Work to be completed: Select all lines holding the word "frame" from the entries that follow.

Exercise data:
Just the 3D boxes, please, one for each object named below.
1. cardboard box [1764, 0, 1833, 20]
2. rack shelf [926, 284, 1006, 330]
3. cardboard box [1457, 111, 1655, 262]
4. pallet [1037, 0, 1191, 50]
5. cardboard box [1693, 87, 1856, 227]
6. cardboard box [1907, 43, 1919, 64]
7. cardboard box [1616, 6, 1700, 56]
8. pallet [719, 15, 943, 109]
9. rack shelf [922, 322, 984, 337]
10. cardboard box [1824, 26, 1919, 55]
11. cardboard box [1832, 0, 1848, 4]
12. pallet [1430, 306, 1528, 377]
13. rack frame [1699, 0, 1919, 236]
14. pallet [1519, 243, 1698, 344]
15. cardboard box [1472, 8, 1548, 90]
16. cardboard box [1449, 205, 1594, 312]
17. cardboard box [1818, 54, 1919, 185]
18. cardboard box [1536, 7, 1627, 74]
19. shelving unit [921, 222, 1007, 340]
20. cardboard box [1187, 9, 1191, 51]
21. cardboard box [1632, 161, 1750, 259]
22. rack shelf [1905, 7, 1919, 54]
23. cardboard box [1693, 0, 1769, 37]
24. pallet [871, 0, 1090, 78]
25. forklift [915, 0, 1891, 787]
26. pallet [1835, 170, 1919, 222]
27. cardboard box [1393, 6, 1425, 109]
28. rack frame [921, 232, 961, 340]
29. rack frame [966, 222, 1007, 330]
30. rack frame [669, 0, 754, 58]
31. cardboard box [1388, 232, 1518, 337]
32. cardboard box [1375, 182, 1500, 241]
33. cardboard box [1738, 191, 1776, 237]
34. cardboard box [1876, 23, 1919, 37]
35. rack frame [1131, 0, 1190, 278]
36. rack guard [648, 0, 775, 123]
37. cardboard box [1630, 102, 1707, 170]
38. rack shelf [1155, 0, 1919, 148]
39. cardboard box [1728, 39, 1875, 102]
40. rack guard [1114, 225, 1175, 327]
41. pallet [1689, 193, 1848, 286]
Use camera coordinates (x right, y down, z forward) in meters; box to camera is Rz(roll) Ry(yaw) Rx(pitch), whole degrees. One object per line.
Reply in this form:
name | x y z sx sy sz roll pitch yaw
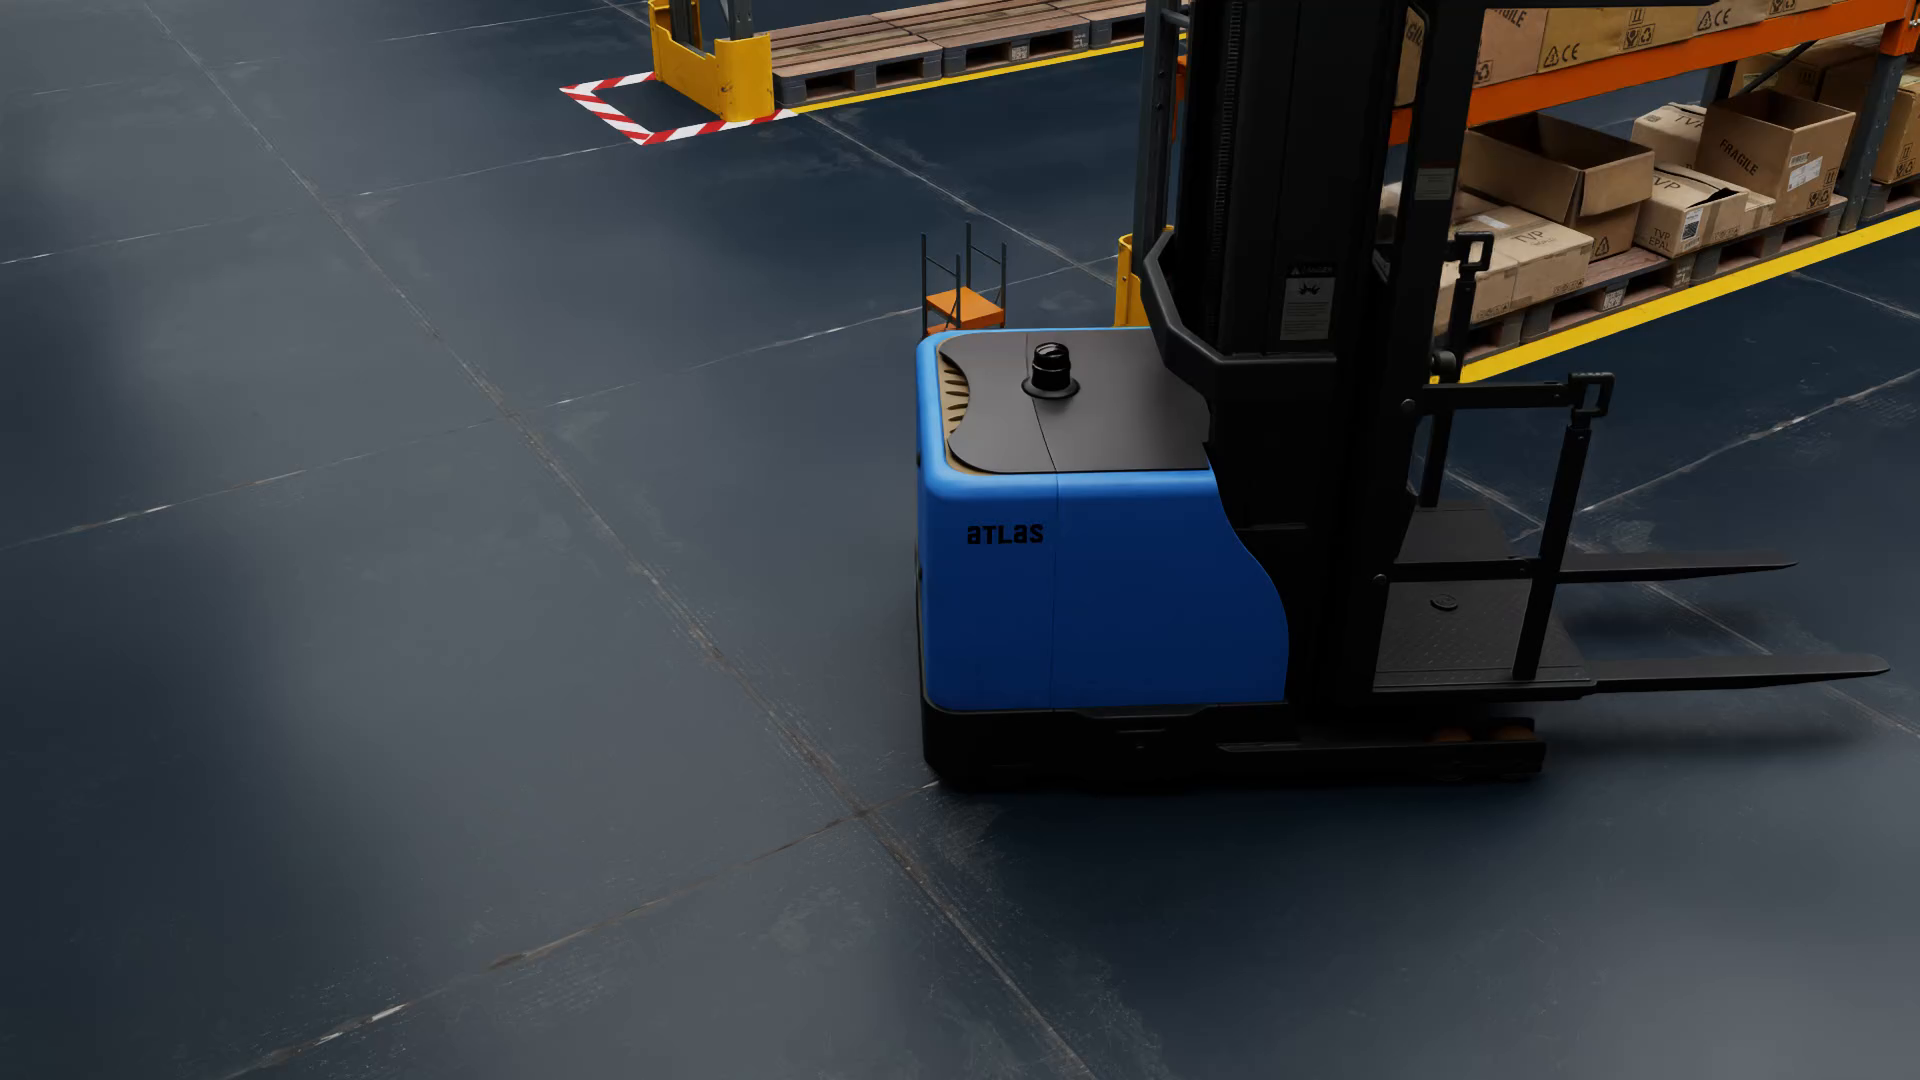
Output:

Task result:
13. rack frame [1699, 0, 1919, 236]
28. rack frame [921, 232, 961, 340]
29. rack frame [966, 222, 1007, 330]
30. rack frame [669, 0, 754, 58]
35. rack frame [1131, 0, 1190, 278]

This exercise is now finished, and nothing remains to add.